En surcroît des stratégies lexicales, des minorations quantitatives et de l’euphémisation des déshumanisations sanglantes, l’art de la diversion est encore une des armes les plus redoutables des nouveaux falsificateurs. La traite transsaharienne est mise en avant, et subitement élevée à un degré de publicité médiatique dont l’enjeu est d’occulter les crimes européens contre l’humanité négro-africaine. Le chiffre de 17 millions de déportés africains, donné par l’historien de la traite négrière Pétré-Grenouilleau lui fait dire des négriers musulmans et de leur traite-razzias qu’il s’agit en fait du plus grand trafic d’hommes de l’histoire, pourtant demeuré un épisode méconnu, resté tabou (op.cit. P.48). En d’autres termes «ce n’est presque pas moi mais c’est sûrement le voisin». La stratégie poursuivie consiste à fissurer l’éventuel front de revendications internationales communes qui pourrait sur certains thèmes réunir Africains, Afrodescendants et Musulmans incriminant le racisme anti-arabe et l’islamophobie érigés en politique dominante en Palestine.
La diversion s’étend sur un spectre spatio-temporel voulu très large, confinant à la mythologie, s’enfonçant dans les racines d’un soit disant esclavage en Egypte, malgré les preuves positives du caractère non esclavagiste de la civilisation égyptienne, établies par une égyptologie enfin scientifique -connaissance des hiéroglyphes, des langues africaines, des témoignages des Anciens grecs… Cf.

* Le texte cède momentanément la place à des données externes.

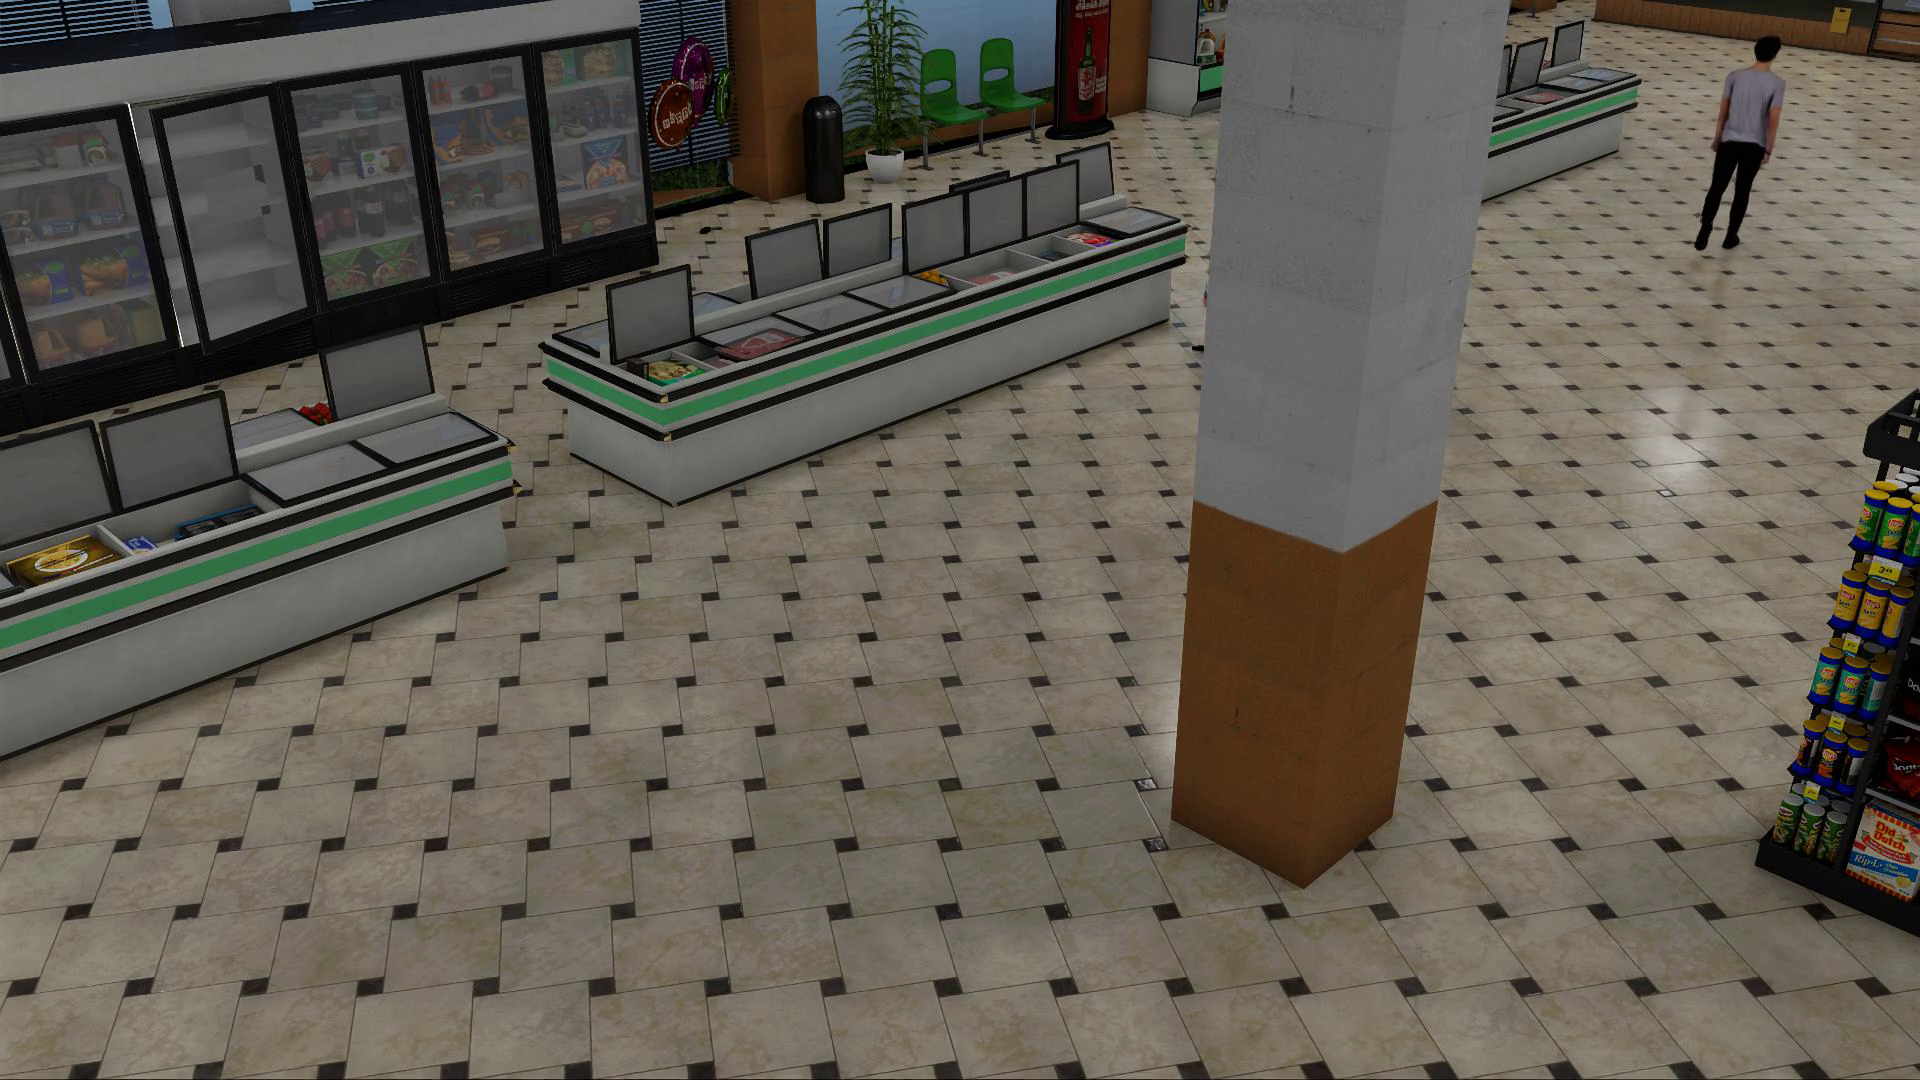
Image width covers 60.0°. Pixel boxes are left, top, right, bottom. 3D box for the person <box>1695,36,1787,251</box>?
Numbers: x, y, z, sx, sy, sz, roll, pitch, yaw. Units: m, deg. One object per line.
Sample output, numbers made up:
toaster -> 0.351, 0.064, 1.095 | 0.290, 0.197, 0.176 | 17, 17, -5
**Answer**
person -> 6.720, -3.391, 14.371 | 0.765, 1.848, 1.033 | 19, 33, 33

T. Obenga, La Philosophie africaine de la période pharaonique…, l’Harmattan, 1990, J-P. Omotunde, Vérités et Mensonges sur la traite négrière européenne, Menaibuc, 2004).
Couramment annexé à ces stratégies de diversion, l’esclavage moderne et toutes les formes contemporaines de servitudes, qui si elles sont condamnables, n’ont rien à voir avec la traite négrière européenne, crime contre l’humanité de plus de 400 ans, collectivement organisé, produit et imaginé par les sociétés occidentales chrétiennes à leur bénéfice, pour rentabiliser l’exploitation des colonies des Amériques et des Caraïbes, avec pour opérateurs et institutions centrales les Etats européens, l’église catholique, les intellectuels, les grands intérêts privés du négoce et du milieu maritime, de la finance, des assurances, des villes portuaires, de l’économie internationale des plantations.
Pour mieux masquer la phobie des réparations qui taraude bien des mercenaires intellectuels en services commandés par les tenants extrémistes d’une discrimination raciale et raciste dans l’échelle des crimes contre l’humanité, un vrai crime contre l’humanité sonnant consciemment ou non blanc, les nouveaux révisionnistes réduisent les argumentaires de réparations légitimes dès lors que les crimes sont reconnus, à de simples convoitises alimentaires. Confondant fins et moyens, ils postulent l’impossibilité des réparations au prétexte de la complexité de celles-ci, comme si on décidait par principe de ne pas construire une habitation à des Sans-Logements victimes d’expropriation au motif que l’on ignore par avance et sans investigation laquelle des victimes sera dans lequel des appartements…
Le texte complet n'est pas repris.